Она пристально поглядела на меня. При этом ее взгляд перемещался то на мой левый глаз, то на правый. Левый-правый, левый-правый…
– Нет. Не говорила бы. Лучше бы это был Дубликат. Тогда бы ты понял, что они могут лучше.
Она уложила меня в постель и, закрывая за собой верь, произнесла:
– Давай забудем это. Было бы неплохо забыть всё это, как страшный сон.
Дверь закрылась, и я остался лежать в тишине, вглядываясь во тьму. Постепенно глаза привыкали, и можно было рассмотреть очертания комнаты. Я лежал так некоторое время, прислушиваясь к звукам в доме. Мне нужно было точно убедиться, что никого поблизости нет.
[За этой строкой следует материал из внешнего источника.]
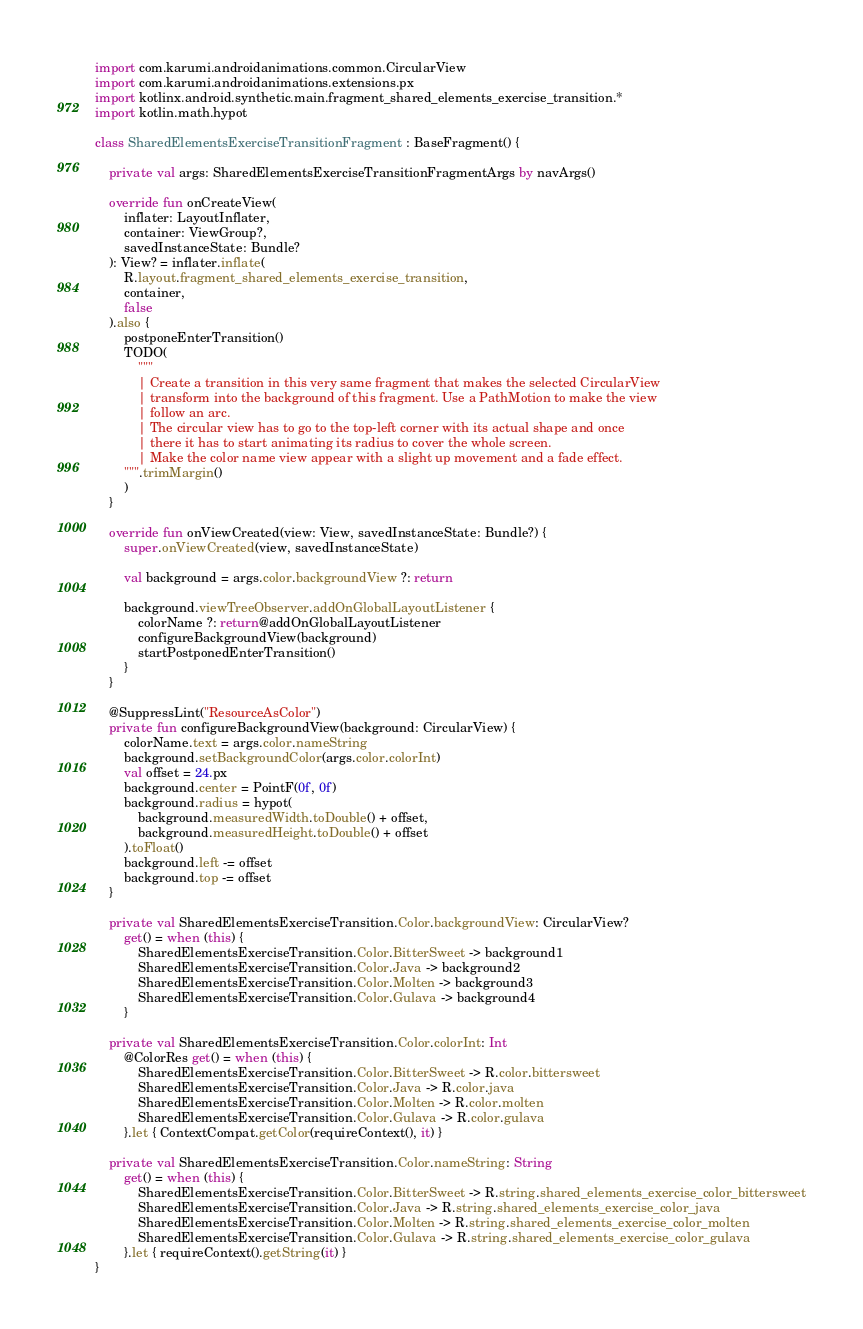<code> <loc_0><loc_0><loc_500><loc_500><_Kotlin_>import com.karumi.androidanimations.common.CircularView
import com.karumi.androidanimations.extensions.px
import kotlinx.android.synthetic.main.fragment_shared_elements_exercise_transition.*
import kotlin.math.hypot

class SharedElementsExerciseTransitionFragment : BaseFragment() {

    private val args: SharedElementsExerciseTransitionFragmentArgs by navArgs()

    override fun onCreateView(
        inflater: LayoutInflater,
        container: ViewGroup?,
        savedInstanceState: Bundle?
    ): View? = inflater.inflate(
        R.layout.fragment_shared_elements_exercise_transition,
        container,
        false
    ).also {
        postponeEnterTransition()
        TODO(
            """
            | Create a transition in this very same fragment that makes the selected CircularView
            | transform into the background of this fragment. Use a PathMotion to make the view
            | follow an arc.
            | The circular view has to go to the top-left corner with its actual shape and once
            | there it has to start animating its radius to cover the whole screen.
            | Make the color name view appear with a slight up movement and a fade effect.
        """.trimMargin()
        )
    }

    override fun onViewCreated(view: View, savedInstanceState: Bundle?) {
        super.onViewCreated(view, savedInstanceState)

        val background = args.color.backgroundView ?: return

        background.viewTreeObserver.addOnGlobalLayoutListener {
            colorName ?: return@addOnGlobalLayoutListener
            configureBackgroundView(background)
            startPostponedEnterTransition()
        }
    }

    @SuppressLint("ResourceAsColor")
    private fun configureBackgroundView(background: CircularView) {
        colorName.text = args.color.nameString
        background.setBackgroundColor(args.color.colorInt)
        val offset = 24.px
        background.center = PointF(0f, 0f)
        background.radius = hypot(
            background.measuredWidth.toDouble() + offset,
            background.measuredHeight.toDouble() + offset
        ).toFloat()
        background.left -= offset
        background.top -= offset
    }

    private val SharedElementsExerciseTransition.Color.backgroundView: CircularView?
        get() = when (this) {
            SharedElementsExerciseTransition.Color.BitterSweet -> background1
            SharedElementsExerciseTransition.Color.Java -> background2
            SharedElementsExerciseTransition.Color.Molten -> background3
            SharedElementsExerciseTransition.Color.Gulava -> background4
        }

Я тихонько встал с постели и подкрался к комоду, куда я зашвырнул свои джинсы. Запустив руку в карман, я испугался: тюбика не было! Его не было на месте! Я сразу же представил себе, что его, наверное, нашла мама, пока я был в ванной. Она нашла тюбик и уничтожила! А другого такого у меня не было. И я был уверен в тот момент, что больше не будет. Но порывшись во втором кармане, я вздохнул с облегчением. Сердце перестало бешено колотиться и звонким эхом отдавалось где-то в горле. Я крепко сжал тюбик в руке и бросился в постель. Поднес его к лицу и принюхался: пахло чем-то живым и настоящим. Я спрятал тюбик под подушку и крепко уснул с мыслью о том, что, во что бы то ни стало, нельзя забыть его здесь завтра.